Покойник никак не отреагировал на цитату из классики. Водитель подошел к окну, снова достал из кармана пиджака мобильный, нашел нужный номер, позвонил и, как только ему ответили, тихо и быстро сказал:

— Марина, это Юра. Максим Витальевич сегодня не сможет приехать. Он вообще больше никогда не приедет, потому что, кажется, умер.

«Кажется» было условной данью традициям, согласно которым смерть положено констатировать врачам. Мало ли что, вдруг это какой-то летаргический сон. Некоторых даже похоронить заживо умудряются.

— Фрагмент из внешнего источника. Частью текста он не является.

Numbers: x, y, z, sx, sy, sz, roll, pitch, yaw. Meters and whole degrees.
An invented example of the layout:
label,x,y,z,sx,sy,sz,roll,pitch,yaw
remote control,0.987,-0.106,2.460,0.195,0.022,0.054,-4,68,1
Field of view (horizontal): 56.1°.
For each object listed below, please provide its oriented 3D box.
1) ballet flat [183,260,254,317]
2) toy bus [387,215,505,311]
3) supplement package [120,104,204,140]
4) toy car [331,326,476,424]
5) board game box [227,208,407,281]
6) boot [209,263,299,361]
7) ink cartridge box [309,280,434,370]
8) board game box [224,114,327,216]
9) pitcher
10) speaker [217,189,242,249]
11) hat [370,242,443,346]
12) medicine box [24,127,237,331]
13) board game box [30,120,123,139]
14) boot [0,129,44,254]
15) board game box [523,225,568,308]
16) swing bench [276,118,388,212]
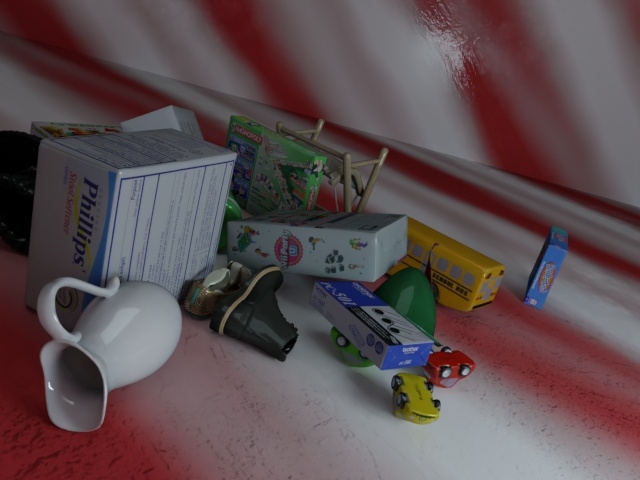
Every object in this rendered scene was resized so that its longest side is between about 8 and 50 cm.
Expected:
label,x,y,z,sx,sy,sz,roll,pitch,yaw
ballet flat,-0.163,0.076,1.066,0.073,0.067,0.206,24,22,14
toy bus,0.232,0.044,1.352,0.332,0.130,0.108,31,25,35
supplement package,-0.388,-0.254,1.531,0.138,0.134,0.244,-18,9,2
toy car,0.114,0.202,0.966,0.224,0.053,0.239,24,21,23
board game box,0.000,0.000,1.200,0.303,0.098,0.224,5,11,23
boot,-0.078,0.125,1.015,0.136,0.077,0.198,26,35,13
ink cartridge box,0.077,0.131,0.975,0.097,0.046,0.207,3,22,-36
board game box,-0.132,-0.161,1.496,0.317,0.214,0.046,32,27,36
pitcher,-0.265,0.107,0.757,0.125,0.178,0.207,-3,17,16
speaker,-0.256,-0.090,1.346,0.131,0.131,0.296,8,22,-21
hat,0.190,0.067,1.110,0.173,0.184,0.208,39,-5,-35
medicine box,-0.290,-0.025,0.951,0.149,0.264,0.289,23,21,20
board game box,-0.606,-0.270,1.658,0.192,0.053,0.305,30,25,35
boot,-0.573,-0.103,1.134,0.347,0.131,0.260,19,20,7
board game box,0.570,0.063,1.513,0.047,0.160,0.210,22,22,15
swing bench,0.009,-0.147,1.523,0.165,0.255,0.253,-15,35,-43
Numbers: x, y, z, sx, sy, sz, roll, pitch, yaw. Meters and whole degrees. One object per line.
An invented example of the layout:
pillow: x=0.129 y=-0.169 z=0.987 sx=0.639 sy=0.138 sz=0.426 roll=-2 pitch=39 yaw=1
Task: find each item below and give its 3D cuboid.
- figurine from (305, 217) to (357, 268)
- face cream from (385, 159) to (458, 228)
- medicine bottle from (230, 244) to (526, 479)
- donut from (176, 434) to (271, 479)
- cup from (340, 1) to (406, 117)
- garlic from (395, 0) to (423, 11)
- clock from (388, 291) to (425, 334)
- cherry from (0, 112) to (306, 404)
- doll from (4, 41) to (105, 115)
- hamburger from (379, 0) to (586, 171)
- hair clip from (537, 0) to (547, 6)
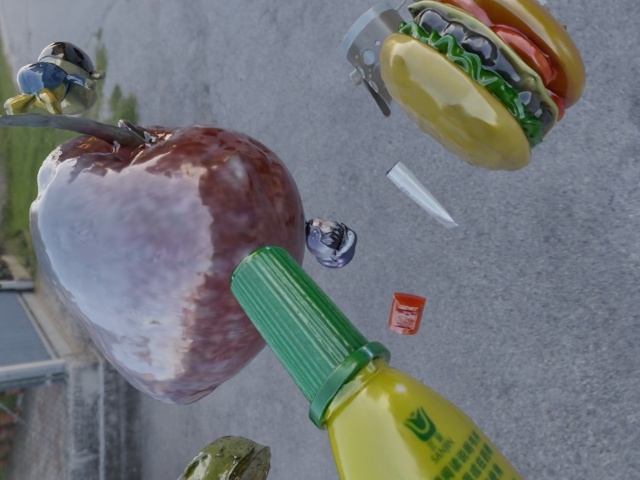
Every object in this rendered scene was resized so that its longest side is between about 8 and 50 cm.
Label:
figurine: x=0.000 y=0.000 z=1.416 sx=0.222 sy=0.145 sz=0.146 roll=18 pitch=109 yaw=6
face cream: x=0.288 y=-0.124 z=1.319 sx=0.243 sy=0.092 sz=0.058 roll=44 pitch=88 yaw=1
medicine bottle: x=0.042 y=0.124 z=0.319 sx=0.309 sy=0.111 sz=0.076 roll=49 pitch=136 yaw=20
donut: x=-0.192 y=0.462 z=0.808 sx=0.107 sy=0.272 sz=0.272 roll=25 pitch=112 yaw=18
cup: x=0.073 y=-0.195 z=0.535 sx=0.099 sy=0.074 sz=0.102 roll=51 pitch=131 yaw=6
garlic: x=0.276 y=-0.607 z=1.138 sx=0.207 sy=0.207 sz=0.257 roll=45 pitch=114 yaw=42
clock: x=0.303 y=0.265 z=1.650 sx=0.061 sy=0.113 sz=0.155 roll=-69 pitch=-14 yaw=-51
cherry: x=-0.185 y=0.009 z=0.566 sx=0.326 sy=0.291 sz=0.335 roll=30 pitch=124 yaw=13
doll: x=-0.336 y=-0.198 z=0.605 sx=0.179 sy=0.101 sz=0.089 roll=-92 pitch=-9 yaw=-47
hamburger: x=0.126 y=-0.131 z=0.374 sx=0.115 sy=0.162 sz=0.162 roll=-49 pitch=51 yaw=14
hair clip: x=0.522 y=-0.786 z=1.349 sx=0.331 sy=0.101 sz=0.085 roll=50 pitch=170 yaw=-6
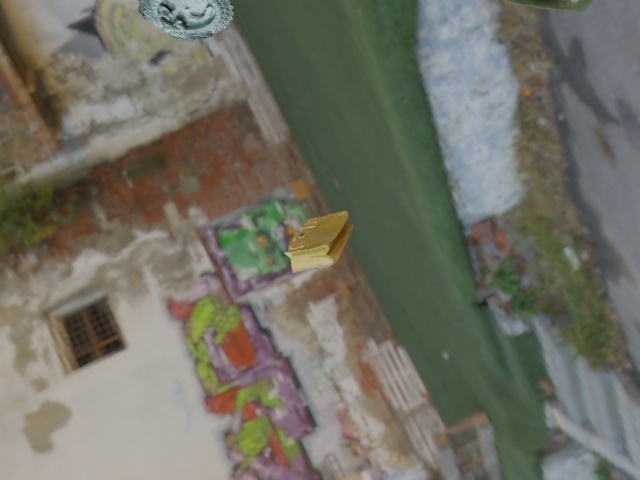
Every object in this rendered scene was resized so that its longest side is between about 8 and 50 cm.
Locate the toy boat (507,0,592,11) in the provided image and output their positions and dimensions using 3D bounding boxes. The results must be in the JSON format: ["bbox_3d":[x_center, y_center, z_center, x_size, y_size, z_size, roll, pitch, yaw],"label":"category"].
[{"bbox_3d":[0.163,-0.240,0.950,0.185,0.089,0.071,12,-151,-46],"label":"toy boat"}]

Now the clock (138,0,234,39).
[{"bbox_3d":[-0.109,-0.190,0.927,0.074,0.083,0.010,27,-121,-35],"label":"clock"}]

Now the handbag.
[{"bbox_3d":[0.000,0.000,1.280,0.027,0.061,0.083,67,-153,-24],"label":"handbag"}]
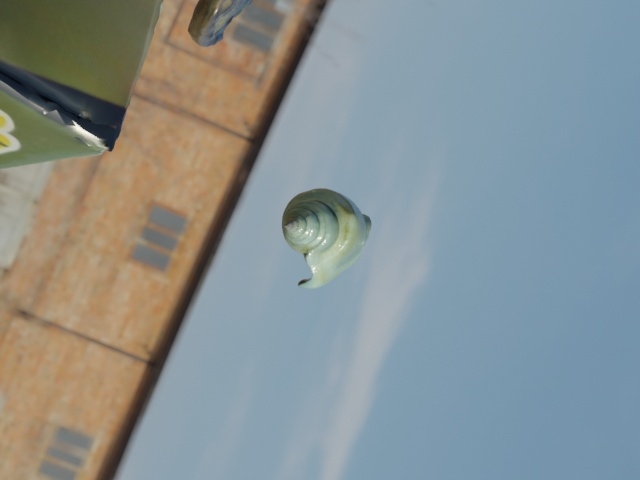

Собеседница ахнула, давая понять, что информация дошла по назначению. Водитель поспешил отключиться, не желая отвечать на глупые вопросы или выслушивать истерику. Он свое дело сделал — позвонил, предупредил.

От созерцания унылого в своем благообразии заоконного пейзажа — дорожки, клумбы, треугольный газончик, дом напротив — его отвлек едва слышный скрип дверных петель. В открытую дверь заглянула раскрасневшаяся горничная.

— Юр, «Скорая» еще не приехала? — спросила она, стараясь не смотреть на сидевшего за столом покойника. — Тамаре Витальевне с сердцем плохо и давление подскочило.

вернуться

1

Из оды «На смерть князя Мещерского» (1779) Г. Р. Державина.